RECORDS PROVIDED
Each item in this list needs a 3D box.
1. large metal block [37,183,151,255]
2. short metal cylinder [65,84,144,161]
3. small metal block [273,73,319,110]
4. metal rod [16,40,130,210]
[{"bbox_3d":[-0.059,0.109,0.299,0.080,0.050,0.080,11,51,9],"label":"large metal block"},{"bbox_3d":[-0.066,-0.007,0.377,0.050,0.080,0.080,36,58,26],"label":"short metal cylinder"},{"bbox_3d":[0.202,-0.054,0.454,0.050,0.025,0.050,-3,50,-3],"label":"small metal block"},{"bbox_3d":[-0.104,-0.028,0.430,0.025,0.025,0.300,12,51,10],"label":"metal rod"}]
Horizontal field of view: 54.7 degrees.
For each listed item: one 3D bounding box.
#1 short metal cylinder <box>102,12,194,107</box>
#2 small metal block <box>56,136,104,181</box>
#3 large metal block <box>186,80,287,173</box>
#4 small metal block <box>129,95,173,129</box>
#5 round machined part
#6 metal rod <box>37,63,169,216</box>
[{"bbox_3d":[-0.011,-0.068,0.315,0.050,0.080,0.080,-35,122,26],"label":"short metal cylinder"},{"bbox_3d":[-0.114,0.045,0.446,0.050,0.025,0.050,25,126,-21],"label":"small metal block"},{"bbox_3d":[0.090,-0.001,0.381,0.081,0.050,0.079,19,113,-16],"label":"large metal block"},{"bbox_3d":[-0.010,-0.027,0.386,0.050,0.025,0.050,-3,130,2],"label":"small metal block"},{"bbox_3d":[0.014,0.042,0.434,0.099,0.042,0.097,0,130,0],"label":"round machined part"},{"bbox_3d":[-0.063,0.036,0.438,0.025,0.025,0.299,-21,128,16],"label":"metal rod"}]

TASK DESCRIPTION
Copy all lines above containing the string "item".

TASK RESULT
Each item in this list needs a 3D box.
For each listed item: one 3D bounding box.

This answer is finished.